[extropy-chat] Superrationality

Hal Finney hal at finney.org
Sat May 20 05:57:08 UTC 2006


Lee Corbin writes:
> I have one question. Suppose that today Hofstadter suddenly a time machine,
> and decides to visit the year 1983. He then finds himself in a sealed room,
> with his 1983 version in an adjacent sealed room. All each know is that
> they're in a one-shot PD with each other, and each knows the year from which
> the other comes.
>
> Our Doug, (Doug 2006) consults the payoff matrix.  It says
>
>      (5,5) | (0,10)
>      (10,0)| (1,1)
>
> It is clear what the 1983 Doug will do.

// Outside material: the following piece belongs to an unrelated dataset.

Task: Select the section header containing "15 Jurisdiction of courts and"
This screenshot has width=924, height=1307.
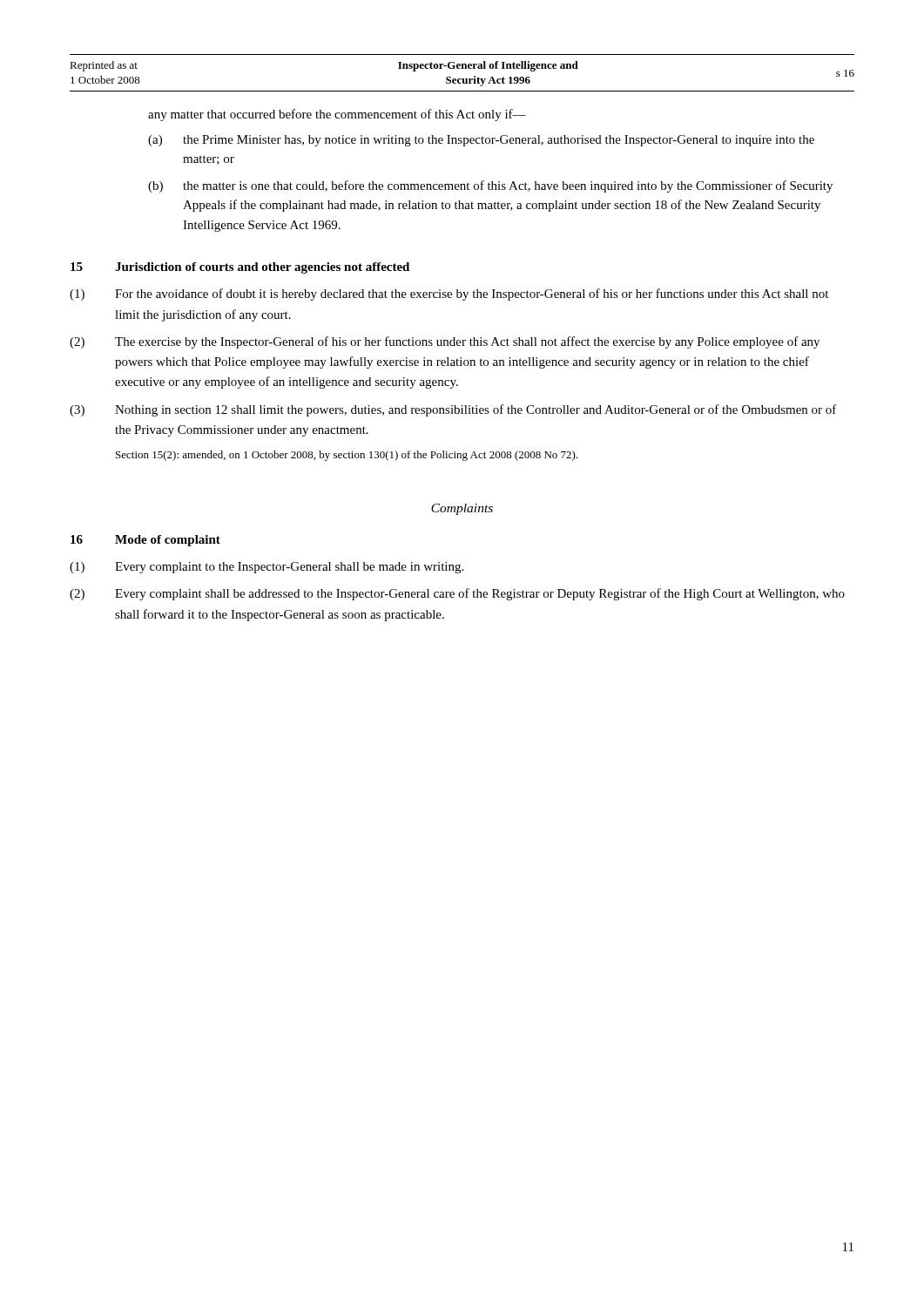Action: click(240, 267)

What move should our
> Doug play in order to maximize his payoff?

It's funny that you should word the question like that, since there is
a fundamental ambiguity in the word "his" in this situation.  We might
argue that cooperating will maximize "his", Douglas Hofstadter's, payoff,
making it 5+5=10, with 5 coming earlier and therefore, due to discounting
and inflation, worth more.  Or we might interpret it to be asking what
will maximize Doug-2006's payoff, in which case defecting would serve.

One problem with this time-machine variant is that it raises a causation
paradox.  Wouldn't Doug-2006 remember being visited by a future version
of himself, back in 1983?  Wouldn't he remember how that future self had
played, and in that case, wouldn't he be forced to play the same way
this time?  Perhaps we can get around this by assuming that the 1983
version submitted to localized amnesia, forgetting the details of the
incident; or else we could use a model of time travel where a new time
line is formed when the future person reaches the past.

I can't speak for Hofstadter, of course, but ignoring these complications
I strongly suspect he would cooperate in this situation.  We know he
found the reasoning compelling enough in 1983 to make quite an issue
of it.  If he still feels that way, he will play the same.  If not,
I imagine that out of solidarity and sympathy for his earlier self,
he will show respect for the person he was and continue to follow that
principle.  How many of us might be more motivated to follow through on
our commitments, plans and dreams, if we could somehow be confronted by
our younger selves and called to account for how we had lived our lives?